Вера застыла.
– Мне кажется, вам пора идти, – прохладно посоветовала она.
– Это тебе пора идти. За меня. Иди за меня, Вера, – паясничал Виталик. – Штампа в паспорте не обещаю – нету его, паспорта. А вот теплую коечку – как не хрен делать. А?
– Перестаньте юродствовать.
– Кого уродствовать? Это я, что ли, урод? – разозлился Виталик. – Ну-ну…
Он встал и направился к Вере, вальяжно, с угрозой, хоть и прихрамывая. Вера отступала, поглядывая в поисках чего потяжелей:
– Перестаньте, Виталий, еще шаг, и я закричу. Все поселение сбежится.
– Кричать пока рано, – зашептал он. – Потом будешь, и кричать, и стонать. И еще просить.
Он прижал ее к столу так, что она почти села на столешницу, и дышал в лицо.
– Что, Сане можно, а мне нельзя? Его обслуживаешь, а меня не хочешь? Какая тебе разница? А если пискнешь – придется под всем поселением полежать. Думаешь, так просто проканает? Хочешь всех сразу, шлюха подзаборная?
Он попытался обслюнявить ее губы поцелуем, но Вера изловчилась, схватила часы, забытые на столе, и огрела его по голове.
– Ах ты, тварь поганая! – Он залепил ей пощечину, так, что она отлетела. Но часы из рук не выпустила. Виталик завис над ней.
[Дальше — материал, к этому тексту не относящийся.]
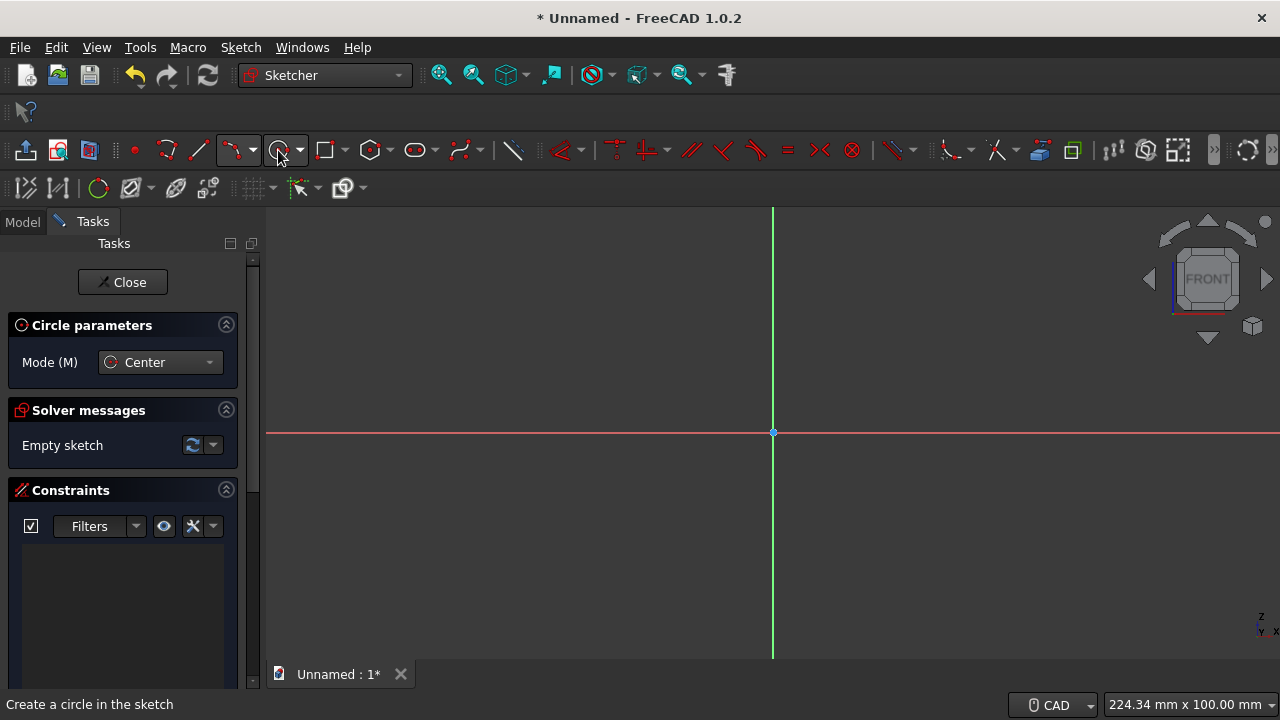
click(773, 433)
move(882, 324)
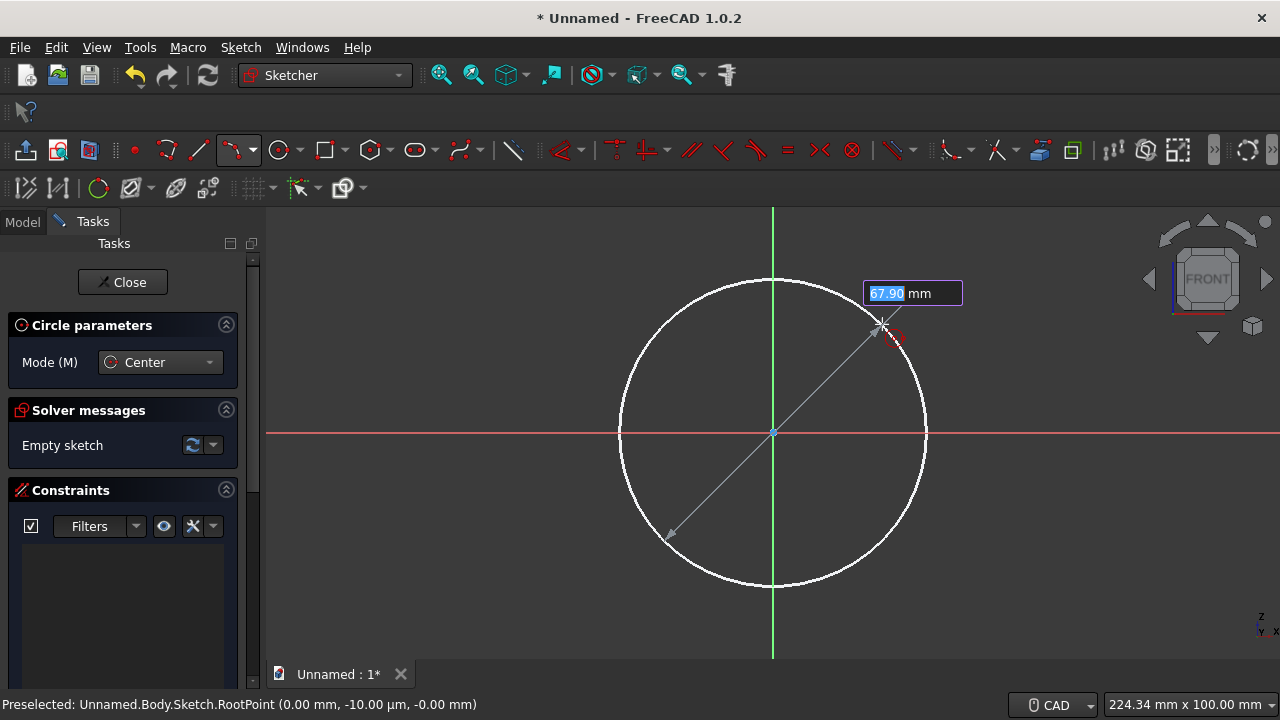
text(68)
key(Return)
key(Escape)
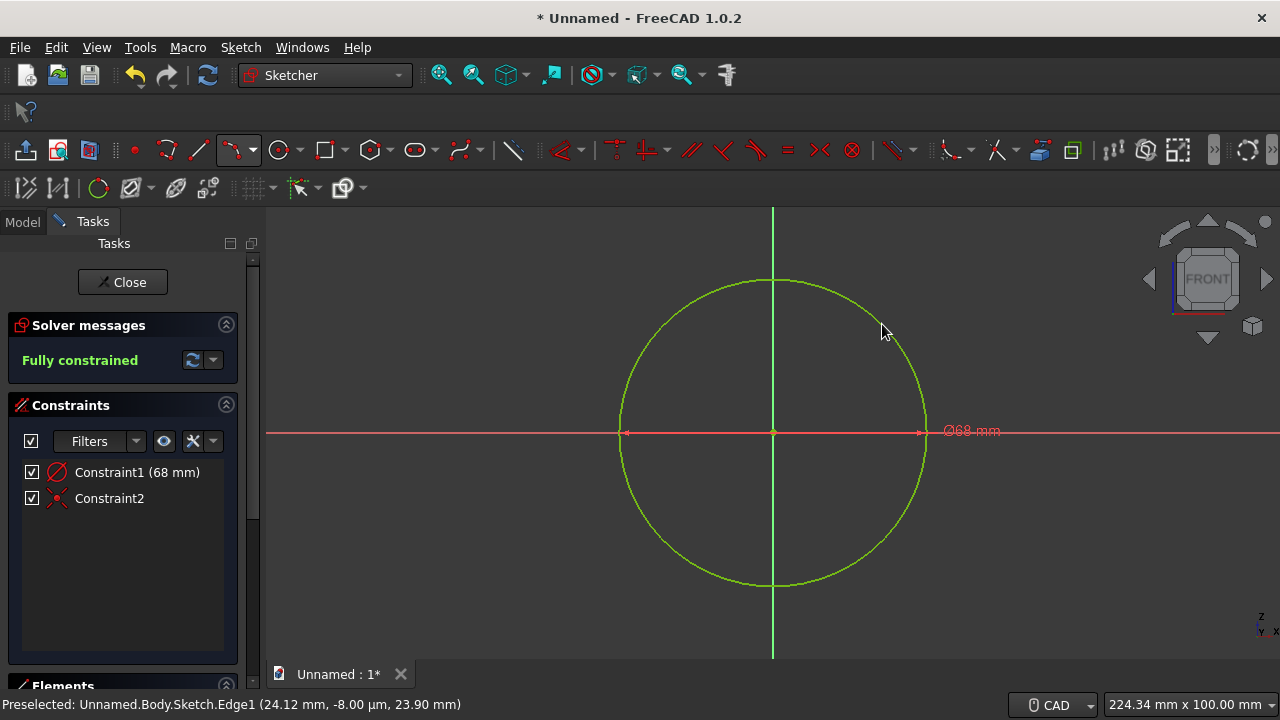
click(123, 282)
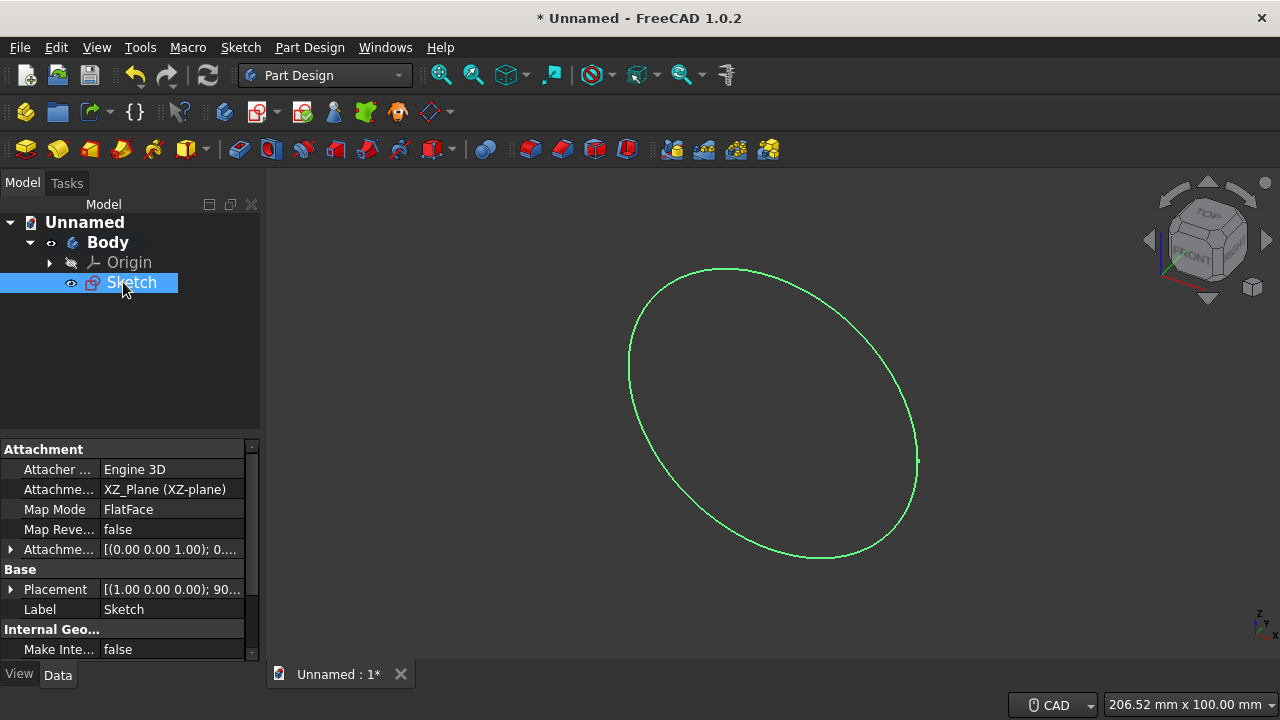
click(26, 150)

Из рассеченного места на его голове побежала тоненькая струйка крови.
– Ты мне еще ответишь. Живого места не останется, – прошипел он, зажав рану ладонью. Потом отошел к раковине и стал смывать кровь. Вера поднялась на ноги, держа часы как оружие. Виталик вдруг изменил настрой и ухмыльнулся ей:
– Люблю таких. Настоящая сучка. Упеку вот твоего хахаля еще раз в ШИЗО, его на зону кинут. Вот и покувыркаемся. Да, сладенькая?
Вера смотрела на него с омерзением. Виталик послал ей издевательски воздушный поцелуй и ушел так же через окно. Дрожащая девушка перевела взгляд на часы. Минутная стрелка с щелканьем перескочила на следующее деление.
Вера наигрывала на гитаре веселую мелодию, сидя на окне.
Антонина Сергеевна сидела на стуле, натирая мазью свои варикозные ноги, и поглядывала на Веру удовлетворенно:
– Ну слава богу, улыбаешься. А то всю неделю как туча.
Вера улыбнулась, поглядывая на висящие теперь на стене часы.
Стрелки ползли к двенадцати. Девушка соскользнула с подоконника, поставила в угол гитару. Покормила рыбок в аквариуме.
Взглянула на себя в зеркало, начала переплетать косу.
– Как отец? – допытывалась Антонина.
Вера пожала плечами.
– Может, помиритесь?
– Антонина Сергеевна… Человек сам решает, как ему жить. Я же ему не объясню…
– Вот уж седина в бороду. Катя эта его с Ленкой моей в одном классе училась. Вот такую помню, – показала она рукой. – Пешком под стол ходила.